Feed-in tariffs are a wonderful incentive to decarbonise the economy through local micro-generation of clean electricity. Individual households and companies can generate electricity and get paid for feeding it into the National Grid and therefore cut their bills as well as receive a net payment for the effort. 
However in the long-term feed-in tariffs will have function alongside the markets and nothing can successfully live in a parallel universe without a reality check of market prices. In France EDF (Electricite de France) has promised unrealistic feed-in tariffs to solar energy providers, at around 10 times the wholesale price per megawatt per hour produced, which is obviously not a sustainable business model for the company.
(The spot price is about 55 euros per MW/h and EDF pays 546 euros to small-scale suppliers. It is costing £1bn of losses a year).  
It has led to an extraordinary escalation of supply, leading to farmers covering barns with solar panels and concentrating more on generating electricity than their own farming business. EDF receives 3,000 applications a day to connect to the grid.
The forecast is that by the end of this year France will have met its solar energy target for 2020.
In the UK,  feed-in tariffs are at the other end of the spectrum, with payments set at £4.13 per megawatt per hour, far below the spot price. Therefore the utilities get much better value for the solar energy (or the supplier is short-changed, depending of how one looks at it). 
Clearly the long-term sustainable model will be one where feed-in tariffs converge closer to the spot price and vary accordingly.  www.carbonica.org

Tuesday, 18 January 2011

The physical reality of the carbon credit

By B Bell
My eye caught an exchange in the Letters section of the FT where two readers write in about the problems in the carbon markets.
One said that the reason why the concept fails is because a carbon credit has no physical reality attached to it. Another replies today saying that financial instruments lack a physical reality but that the carbon markets failed because credits were designed to be used (or retired as they say in the industry), like fishing licences, not traded endlessly for profit.
I think both readers miss the point.
Carbon credits do have a physical reality. They enable compliance buyers to emit a set amount of CO2 that in the manufacturing process does have a very tangible physical form.

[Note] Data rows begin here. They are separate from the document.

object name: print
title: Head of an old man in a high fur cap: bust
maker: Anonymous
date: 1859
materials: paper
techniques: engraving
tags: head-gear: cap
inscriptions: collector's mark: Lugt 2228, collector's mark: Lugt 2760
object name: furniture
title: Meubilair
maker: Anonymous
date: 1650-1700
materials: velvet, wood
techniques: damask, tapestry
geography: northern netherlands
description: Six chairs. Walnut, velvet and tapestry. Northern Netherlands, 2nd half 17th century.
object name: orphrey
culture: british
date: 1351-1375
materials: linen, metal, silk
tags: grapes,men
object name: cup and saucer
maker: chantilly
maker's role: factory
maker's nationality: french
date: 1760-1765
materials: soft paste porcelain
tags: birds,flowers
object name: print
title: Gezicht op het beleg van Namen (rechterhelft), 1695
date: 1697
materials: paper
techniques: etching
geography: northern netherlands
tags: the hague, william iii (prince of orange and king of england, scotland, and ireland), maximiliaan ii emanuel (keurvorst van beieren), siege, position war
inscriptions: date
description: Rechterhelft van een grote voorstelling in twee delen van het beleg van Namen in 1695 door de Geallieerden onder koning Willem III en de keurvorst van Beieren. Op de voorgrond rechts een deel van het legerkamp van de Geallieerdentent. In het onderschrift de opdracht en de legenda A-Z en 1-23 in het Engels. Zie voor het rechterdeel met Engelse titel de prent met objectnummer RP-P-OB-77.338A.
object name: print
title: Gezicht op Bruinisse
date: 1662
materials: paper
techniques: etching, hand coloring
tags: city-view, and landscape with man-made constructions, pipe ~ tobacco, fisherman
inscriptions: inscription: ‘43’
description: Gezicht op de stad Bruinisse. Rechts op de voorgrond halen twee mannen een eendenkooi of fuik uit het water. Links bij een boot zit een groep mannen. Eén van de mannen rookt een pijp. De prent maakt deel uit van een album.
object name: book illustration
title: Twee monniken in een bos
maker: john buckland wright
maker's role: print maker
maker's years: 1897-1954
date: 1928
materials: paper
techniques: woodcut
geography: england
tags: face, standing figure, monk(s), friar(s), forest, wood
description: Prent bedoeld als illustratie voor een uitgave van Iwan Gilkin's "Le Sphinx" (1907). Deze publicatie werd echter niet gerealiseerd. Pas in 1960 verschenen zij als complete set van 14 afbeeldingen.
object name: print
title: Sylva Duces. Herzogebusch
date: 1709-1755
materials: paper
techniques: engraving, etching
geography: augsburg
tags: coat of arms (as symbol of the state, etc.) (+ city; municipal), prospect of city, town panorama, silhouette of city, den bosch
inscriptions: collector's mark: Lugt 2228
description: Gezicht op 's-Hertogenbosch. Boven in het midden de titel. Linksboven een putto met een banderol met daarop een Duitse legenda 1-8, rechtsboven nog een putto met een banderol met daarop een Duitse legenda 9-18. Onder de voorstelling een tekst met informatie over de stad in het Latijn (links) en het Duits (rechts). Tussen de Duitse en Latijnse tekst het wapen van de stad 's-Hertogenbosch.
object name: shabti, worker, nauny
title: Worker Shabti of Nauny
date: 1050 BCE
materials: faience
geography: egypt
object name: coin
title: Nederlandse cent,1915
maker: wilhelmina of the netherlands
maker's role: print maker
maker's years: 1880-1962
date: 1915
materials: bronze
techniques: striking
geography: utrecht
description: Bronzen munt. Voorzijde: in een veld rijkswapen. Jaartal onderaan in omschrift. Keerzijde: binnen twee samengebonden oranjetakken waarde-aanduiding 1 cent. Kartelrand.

Just like a financial instrument such an insurance policy does not have any physical reality until it is activated in the form of a claim for a loss, which is when it becomes connected to the real world, in the same way a carbon credit connects directly with GHG emissions and our impact on our climate.
At the point of origination, they provide the funding for a very physical reality, say in the form of a renewable energy project, that would not happen without those funds.
The present problems are not caused by the fundamental concept of the credit, they are due to the poor security of some of the national registries. It is true that carbon credits do not lend themselves to trading as much as equity for example. Equities can go up in value fairly linearly over the long term, whereas carbon credits are more likely to coast around reasonably fixed values so the amount of speculation that can go with it is more limited.